Meta was the first major AI company to launch an open model, Llama, in 2023. However, CEO Mark Zuckerberg recently revived the company’s AI efforts and signaled that it might not make future models completely open. OpenAI offers an open model, called GPT-oss, but it is inferior to the company’s best proprietary offerings and poorly suited to modification.

The best American models, from OpenAI, Anthropic and Google, are accessible only via the cloud or via a chat interface. In contrast, the weights of many major Chinese models, from DeepSeek, Alibaba, Moonshot AI, Z.ai and MiniMax, are published openly and for free. As a result, many startups and researchers around the world are currently relying on Chinese models.
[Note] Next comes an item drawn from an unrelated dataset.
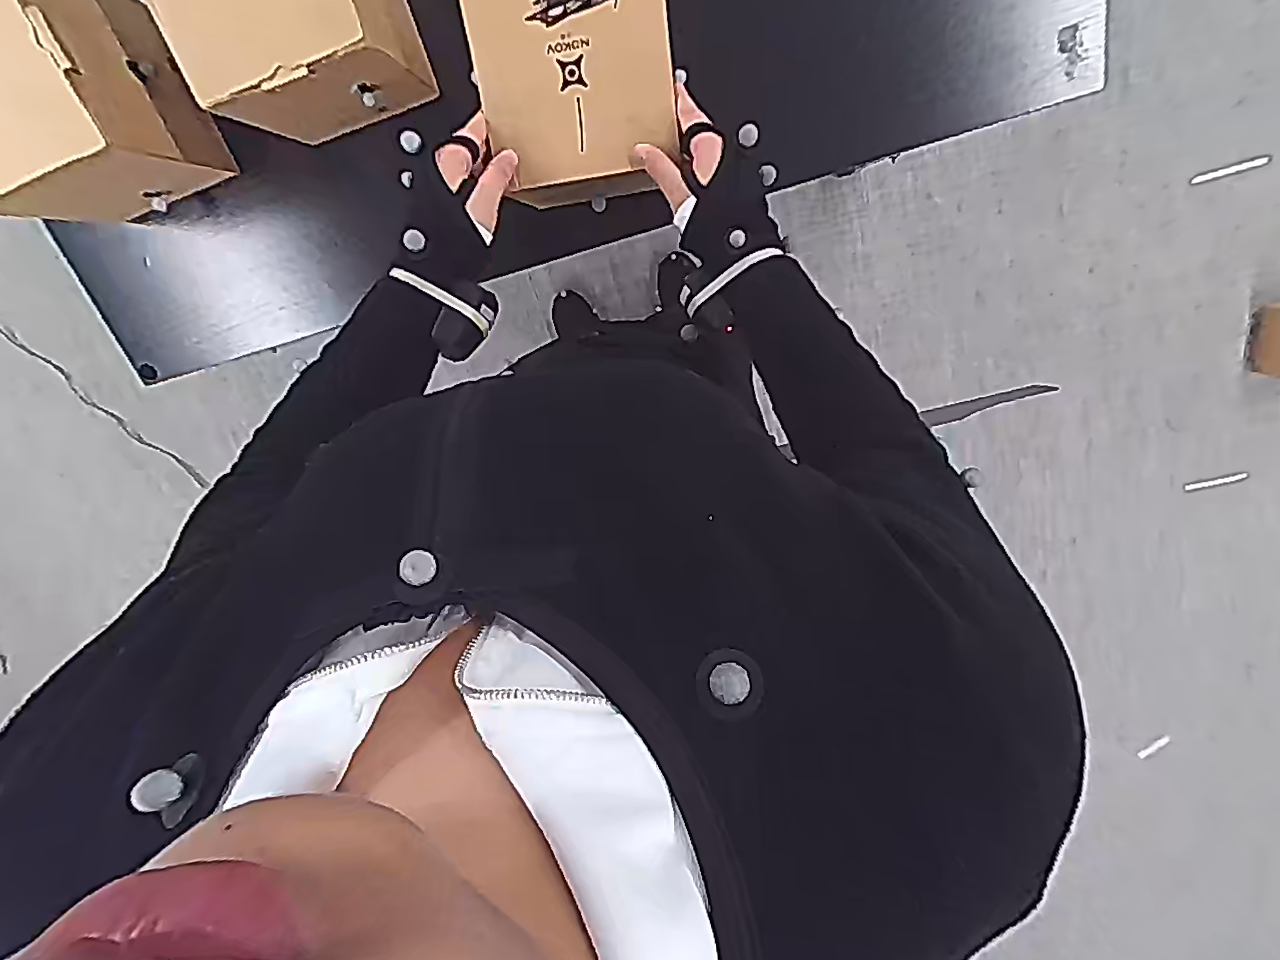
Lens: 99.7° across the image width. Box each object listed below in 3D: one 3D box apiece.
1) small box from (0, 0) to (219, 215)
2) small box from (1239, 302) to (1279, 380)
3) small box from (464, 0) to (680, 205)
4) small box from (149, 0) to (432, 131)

“It’s in our interest to help the ecosystem grow,” says Catanzaro, who joined Nvidia in 2011 and helped lead the company’s transition from making graphics cards for gaming to making silicon for AI. Nvidia released the first Nemotron model in November 2023. He adds that Nvidia recently completed pre-training a 550 billion parameter model. (Pre-training involves feeding huge amounts of data into a model distributed across a large number of specialized chips operating in parallel.) Nvidia has since released a range of specialized models for use in areas such as robotics, climate modeling and protein folding.

Kari Briski, vice president of enterprise generative AI software, says Nvidia’s future AI models will help the company improve not only its chips, but also the data centers on the scale of the supercomputers it builds. “We’re building it to expand our systems and test not just compute, but also storage and networking, and to kind of build out our hardware architecture roadmap,” she says.